§ TASK TO CARRY OUT:
Locate the string "dimtfac" in the records below. Copy every line where it occurs.

§ INPUT MATERIAL:
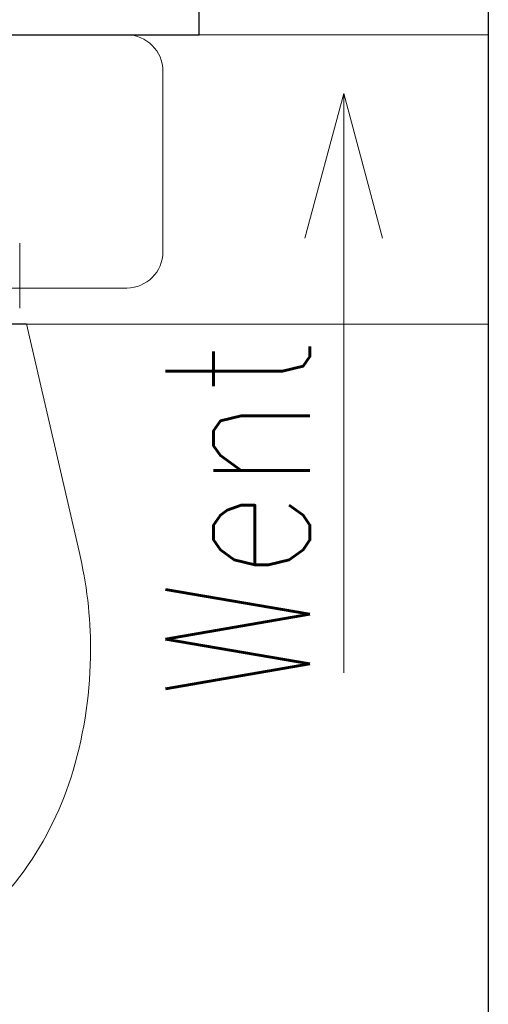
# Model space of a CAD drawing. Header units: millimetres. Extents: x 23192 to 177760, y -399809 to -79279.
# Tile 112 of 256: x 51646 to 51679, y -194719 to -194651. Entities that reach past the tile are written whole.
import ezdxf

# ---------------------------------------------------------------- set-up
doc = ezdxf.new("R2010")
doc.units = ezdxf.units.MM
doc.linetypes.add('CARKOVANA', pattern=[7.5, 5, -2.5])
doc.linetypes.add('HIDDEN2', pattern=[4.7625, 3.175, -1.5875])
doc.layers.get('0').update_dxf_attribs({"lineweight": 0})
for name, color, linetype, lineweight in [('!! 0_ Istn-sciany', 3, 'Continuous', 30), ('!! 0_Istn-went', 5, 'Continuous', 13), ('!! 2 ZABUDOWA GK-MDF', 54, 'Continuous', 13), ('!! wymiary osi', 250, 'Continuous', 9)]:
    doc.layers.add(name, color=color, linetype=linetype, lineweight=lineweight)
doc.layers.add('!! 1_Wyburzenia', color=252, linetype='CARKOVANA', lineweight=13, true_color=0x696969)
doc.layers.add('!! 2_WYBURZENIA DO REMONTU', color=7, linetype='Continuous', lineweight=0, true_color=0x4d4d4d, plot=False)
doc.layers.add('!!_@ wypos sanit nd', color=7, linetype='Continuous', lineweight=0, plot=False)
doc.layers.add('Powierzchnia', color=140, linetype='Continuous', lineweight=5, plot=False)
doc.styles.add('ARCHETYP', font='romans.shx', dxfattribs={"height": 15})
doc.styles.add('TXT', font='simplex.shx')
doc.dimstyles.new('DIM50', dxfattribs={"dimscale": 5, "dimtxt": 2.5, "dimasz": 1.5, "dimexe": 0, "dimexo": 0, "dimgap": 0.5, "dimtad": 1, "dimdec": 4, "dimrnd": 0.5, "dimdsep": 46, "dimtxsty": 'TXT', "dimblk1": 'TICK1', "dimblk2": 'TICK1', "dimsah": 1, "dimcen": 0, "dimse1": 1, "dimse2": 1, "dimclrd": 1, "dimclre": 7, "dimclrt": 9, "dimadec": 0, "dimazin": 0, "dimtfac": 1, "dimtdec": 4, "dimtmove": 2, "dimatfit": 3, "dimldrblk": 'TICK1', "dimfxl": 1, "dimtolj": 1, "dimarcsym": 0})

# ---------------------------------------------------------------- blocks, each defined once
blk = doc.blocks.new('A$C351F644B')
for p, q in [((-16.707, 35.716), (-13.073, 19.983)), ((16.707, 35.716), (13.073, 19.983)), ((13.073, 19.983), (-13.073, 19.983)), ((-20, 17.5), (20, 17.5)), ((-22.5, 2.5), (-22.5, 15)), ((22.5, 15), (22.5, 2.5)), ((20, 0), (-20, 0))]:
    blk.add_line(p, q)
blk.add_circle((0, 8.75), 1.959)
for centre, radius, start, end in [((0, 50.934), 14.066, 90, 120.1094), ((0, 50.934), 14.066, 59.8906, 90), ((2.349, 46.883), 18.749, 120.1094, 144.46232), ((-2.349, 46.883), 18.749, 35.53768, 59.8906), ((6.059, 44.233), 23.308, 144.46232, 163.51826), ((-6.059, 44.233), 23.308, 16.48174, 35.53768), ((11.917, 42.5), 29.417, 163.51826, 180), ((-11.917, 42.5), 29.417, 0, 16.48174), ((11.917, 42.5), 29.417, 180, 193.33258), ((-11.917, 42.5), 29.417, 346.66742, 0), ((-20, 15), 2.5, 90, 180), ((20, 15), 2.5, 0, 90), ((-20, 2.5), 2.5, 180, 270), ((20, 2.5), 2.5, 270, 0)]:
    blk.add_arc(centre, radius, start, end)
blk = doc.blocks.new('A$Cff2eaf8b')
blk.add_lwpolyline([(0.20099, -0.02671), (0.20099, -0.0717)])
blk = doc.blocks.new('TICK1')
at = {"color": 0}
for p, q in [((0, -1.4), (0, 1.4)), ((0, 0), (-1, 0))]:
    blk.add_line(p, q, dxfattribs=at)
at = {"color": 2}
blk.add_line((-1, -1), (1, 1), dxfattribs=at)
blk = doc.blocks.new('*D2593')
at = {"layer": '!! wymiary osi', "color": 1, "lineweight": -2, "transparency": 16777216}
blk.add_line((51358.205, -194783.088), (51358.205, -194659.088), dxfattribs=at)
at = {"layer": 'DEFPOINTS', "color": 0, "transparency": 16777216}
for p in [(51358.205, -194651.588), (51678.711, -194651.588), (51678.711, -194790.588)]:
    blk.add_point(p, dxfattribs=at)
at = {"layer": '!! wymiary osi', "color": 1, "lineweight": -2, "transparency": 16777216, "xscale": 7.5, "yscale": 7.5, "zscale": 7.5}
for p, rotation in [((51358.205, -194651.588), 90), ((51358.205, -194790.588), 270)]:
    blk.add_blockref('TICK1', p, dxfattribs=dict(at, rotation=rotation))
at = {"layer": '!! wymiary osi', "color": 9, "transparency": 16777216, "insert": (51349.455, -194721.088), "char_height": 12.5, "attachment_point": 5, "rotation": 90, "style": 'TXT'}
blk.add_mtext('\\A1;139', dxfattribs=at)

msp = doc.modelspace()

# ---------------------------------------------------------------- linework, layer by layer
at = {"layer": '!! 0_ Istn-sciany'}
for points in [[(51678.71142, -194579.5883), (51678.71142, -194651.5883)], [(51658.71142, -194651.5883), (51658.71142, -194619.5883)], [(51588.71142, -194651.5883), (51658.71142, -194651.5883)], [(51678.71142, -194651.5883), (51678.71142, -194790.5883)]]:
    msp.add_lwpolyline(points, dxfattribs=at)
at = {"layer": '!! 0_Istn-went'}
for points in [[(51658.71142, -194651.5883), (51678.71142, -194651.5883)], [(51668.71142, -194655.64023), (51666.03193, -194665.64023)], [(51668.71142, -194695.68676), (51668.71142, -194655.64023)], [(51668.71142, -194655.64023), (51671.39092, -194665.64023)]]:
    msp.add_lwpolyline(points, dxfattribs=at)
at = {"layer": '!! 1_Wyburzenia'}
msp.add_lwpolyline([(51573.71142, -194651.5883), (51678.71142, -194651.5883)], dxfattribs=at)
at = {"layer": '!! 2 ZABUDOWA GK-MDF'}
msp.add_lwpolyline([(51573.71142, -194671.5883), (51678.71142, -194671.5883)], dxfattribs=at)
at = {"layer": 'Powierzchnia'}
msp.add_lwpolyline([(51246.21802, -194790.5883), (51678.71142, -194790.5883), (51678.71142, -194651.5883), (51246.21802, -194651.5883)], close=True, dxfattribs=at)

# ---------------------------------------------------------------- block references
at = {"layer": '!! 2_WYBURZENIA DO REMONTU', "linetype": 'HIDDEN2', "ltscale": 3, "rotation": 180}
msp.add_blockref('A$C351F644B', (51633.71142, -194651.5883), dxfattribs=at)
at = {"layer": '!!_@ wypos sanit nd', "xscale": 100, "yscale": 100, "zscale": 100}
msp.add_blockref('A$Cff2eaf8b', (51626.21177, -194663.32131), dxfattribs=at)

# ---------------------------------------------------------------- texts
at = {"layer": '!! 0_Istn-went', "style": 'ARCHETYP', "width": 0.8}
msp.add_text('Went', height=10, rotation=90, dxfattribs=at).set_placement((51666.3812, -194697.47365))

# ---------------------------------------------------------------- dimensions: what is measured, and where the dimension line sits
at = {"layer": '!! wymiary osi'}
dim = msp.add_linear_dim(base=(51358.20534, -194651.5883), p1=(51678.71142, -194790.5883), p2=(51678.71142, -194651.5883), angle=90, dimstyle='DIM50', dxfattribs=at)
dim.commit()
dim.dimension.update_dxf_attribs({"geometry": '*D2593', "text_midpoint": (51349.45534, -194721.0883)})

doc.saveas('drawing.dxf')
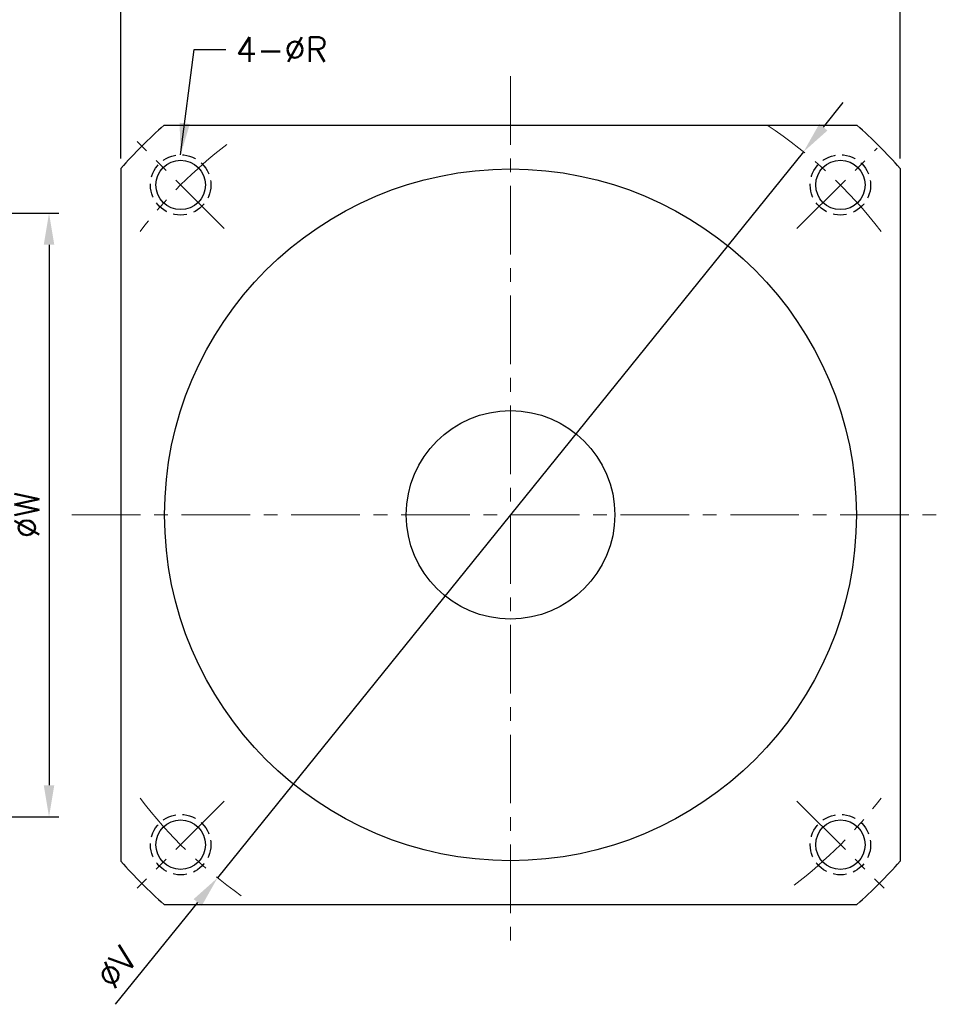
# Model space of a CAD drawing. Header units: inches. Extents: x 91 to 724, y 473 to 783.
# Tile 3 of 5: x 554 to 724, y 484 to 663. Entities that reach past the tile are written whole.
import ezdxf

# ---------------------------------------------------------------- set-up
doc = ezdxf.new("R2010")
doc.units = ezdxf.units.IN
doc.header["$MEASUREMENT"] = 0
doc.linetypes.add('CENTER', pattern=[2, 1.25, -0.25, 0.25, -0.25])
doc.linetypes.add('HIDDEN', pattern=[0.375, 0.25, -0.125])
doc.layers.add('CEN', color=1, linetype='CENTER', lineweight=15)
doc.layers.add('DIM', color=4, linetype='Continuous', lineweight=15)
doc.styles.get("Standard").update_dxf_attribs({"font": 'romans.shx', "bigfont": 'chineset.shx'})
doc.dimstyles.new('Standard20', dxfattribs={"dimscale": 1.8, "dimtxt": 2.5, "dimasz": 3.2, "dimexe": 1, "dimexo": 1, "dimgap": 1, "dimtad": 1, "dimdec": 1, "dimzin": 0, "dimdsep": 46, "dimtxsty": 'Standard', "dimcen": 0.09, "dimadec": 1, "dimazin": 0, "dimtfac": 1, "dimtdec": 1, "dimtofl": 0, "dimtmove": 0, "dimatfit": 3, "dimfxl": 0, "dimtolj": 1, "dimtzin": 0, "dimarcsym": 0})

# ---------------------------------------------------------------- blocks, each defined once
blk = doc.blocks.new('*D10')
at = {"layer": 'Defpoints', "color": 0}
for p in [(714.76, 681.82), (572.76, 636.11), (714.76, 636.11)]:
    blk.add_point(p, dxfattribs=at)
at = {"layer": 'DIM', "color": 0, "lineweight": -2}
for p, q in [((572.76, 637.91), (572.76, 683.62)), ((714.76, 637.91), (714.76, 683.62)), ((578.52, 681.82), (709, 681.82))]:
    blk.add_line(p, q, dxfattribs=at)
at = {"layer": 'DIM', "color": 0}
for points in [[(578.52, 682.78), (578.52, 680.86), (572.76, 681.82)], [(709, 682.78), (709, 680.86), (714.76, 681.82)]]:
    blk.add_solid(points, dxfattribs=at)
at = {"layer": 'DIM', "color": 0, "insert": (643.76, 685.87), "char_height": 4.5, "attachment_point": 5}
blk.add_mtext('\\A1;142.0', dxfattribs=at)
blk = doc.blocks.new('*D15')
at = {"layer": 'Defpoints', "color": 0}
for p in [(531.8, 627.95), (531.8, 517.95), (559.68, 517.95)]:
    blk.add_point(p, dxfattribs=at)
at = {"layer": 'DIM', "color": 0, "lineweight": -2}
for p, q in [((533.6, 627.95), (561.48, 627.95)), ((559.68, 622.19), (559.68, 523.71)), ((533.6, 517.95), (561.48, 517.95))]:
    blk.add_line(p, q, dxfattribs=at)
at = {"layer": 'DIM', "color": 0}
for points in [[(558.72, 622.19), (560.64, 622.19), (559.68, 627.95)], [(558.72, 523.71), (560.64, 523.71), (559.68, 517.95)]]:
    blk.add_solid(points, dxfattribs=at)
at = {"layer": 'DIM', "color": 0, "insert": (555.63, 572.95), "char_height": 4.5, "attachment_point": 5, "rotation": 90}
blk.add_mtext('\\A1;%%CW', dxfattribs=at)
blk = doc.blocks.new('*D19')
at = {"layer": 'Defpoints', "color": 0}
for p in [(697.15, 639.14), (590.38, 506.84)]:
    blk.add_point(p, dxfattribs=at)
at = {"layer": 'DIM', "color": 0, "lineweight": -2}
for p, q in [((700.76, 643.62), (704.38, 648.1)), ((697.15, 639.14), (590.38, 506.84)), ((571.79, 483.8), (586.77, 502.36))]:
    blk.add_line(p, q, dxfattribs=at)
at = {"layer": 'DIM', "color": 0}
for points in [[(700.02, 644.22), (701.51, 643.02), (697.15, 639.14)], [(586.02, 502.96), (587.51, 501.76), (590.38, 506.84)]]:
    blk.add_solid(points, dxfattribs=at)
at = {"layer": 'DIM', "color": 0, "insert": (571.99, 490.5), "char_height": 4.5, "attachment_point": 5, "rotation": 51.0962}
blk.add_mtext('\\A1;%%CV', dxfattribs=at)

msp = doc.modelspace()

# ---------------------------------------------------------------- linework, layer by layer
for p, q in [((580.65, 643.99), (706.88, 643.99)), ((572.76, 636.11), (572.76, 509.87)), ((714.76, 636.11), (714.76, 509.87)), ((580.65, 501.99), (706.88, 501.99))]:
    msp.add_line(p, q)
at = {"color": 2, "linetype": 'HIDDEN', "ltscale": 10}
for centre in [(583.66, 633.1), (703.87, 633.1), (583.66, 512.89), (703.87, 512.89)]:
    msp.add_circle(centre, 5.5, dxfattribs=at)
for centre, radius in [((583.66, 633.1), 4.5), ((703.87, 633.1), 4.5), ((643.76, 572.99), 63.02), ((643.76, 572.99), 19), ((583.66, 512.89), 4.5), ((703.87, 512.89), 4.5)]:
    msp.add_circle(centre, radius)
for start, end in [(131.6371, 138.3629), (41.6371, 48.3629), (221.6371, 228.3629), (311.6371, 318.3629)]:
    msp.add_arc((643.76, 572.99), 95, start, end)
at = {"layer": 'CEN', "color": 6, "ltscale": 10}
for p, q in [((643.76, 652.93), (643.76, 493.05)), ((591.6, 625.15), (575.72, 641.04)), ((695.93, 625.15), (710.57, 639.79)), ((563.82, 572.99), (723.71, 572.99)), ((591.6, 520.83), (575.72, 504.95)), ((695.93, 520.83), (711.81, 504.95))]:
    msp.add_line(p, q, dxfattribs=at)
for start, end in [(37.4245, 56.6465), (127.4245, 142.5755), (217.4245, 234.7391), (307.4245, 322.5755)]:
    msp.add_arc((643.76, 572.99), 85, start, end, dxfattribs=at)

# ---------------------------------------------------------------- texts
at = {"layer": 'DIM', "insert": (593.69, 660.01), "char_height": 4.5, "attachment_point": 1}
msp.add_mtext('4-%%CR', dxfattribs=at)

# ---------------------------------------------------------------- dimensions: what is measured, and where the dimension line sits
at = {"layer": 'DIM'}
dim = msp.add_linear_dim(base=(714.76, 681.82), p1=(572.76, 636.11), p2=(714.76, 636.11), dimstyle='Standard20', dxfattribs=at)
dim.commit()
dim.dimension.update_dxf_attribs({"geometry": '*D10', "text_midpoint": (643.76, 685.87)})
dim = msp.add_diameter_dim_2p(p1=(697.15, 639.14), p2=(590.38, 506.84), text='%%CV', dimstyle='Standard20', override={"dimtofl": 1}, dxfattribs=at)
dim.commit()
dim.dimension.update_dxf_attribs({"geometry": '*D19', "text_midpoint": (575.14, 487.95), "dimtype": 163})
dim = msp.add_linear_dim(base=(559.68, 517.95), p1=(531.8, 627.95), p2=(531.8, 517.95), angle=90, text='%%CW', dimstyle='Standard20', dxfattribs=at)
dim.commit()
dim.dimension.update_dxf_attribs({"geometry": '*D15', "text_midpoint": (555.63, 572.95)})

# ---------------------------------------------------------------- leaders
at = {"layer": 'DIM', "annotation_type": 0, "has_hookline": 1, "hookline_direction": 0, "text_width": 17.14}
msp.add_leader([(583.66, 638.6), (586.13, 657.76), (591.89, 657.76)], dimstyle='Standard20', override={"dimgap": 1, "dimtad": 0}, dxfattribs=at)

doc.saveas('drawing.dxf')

§ WRITTEN RESPONSE:
doc.dimstyles.new('DIM50', dxfattribs={"dimscale": 5, "dimtxt": 2.5, "dimasz": 1.5, "dimexe": 0, "dimexo": 0, "dimgap": 0.5, "dimtad": 1, "dimdec": 4, "dimrnd": 0.5, "dimdsep": 46, "dimtxsty": 'TXT', "dimblk1": 'TICK1', "dimblk2": 'TICK1', "dimsah": 1, "dimcen": 0, "dimse1": 1, "dimse2": 1, "dimclrd": 1, "dimclre": 7, "dimclrt": 9, "dimadec": 0, "dimazin": 0, "dimtfac": 1, "dimtdec": 4, "dimtmove": 2, "dimatfit": 3, "dimldrblk": 'TICK1', "dimfxl": 1, "dimtolj": 1, "dimarcsym": 0})
doc.dimstyles.new('Standard20', dxfattribs={"dimscale": 1.8, "dimtxt": 2.5, "dimasz": 3.2, "dimexe": 1, "dimexo": 1, "dimgap": 1, "dimtad": 1, "dimdec": 1, "dimzin": 0, "dimdsep": 46, "dimtxsty": 'Standard', "dimcen": 0.09, "dimadec": 1, "dimazin": 0, "dimtfac": 1, "dimtdec": 1, "dimtofl": 0, "dimtmove": 0, "dimatfit": 3, "dimfxl": 0, "dimtolj": 1, "dimtzin": 0, "dimarcsym": 0})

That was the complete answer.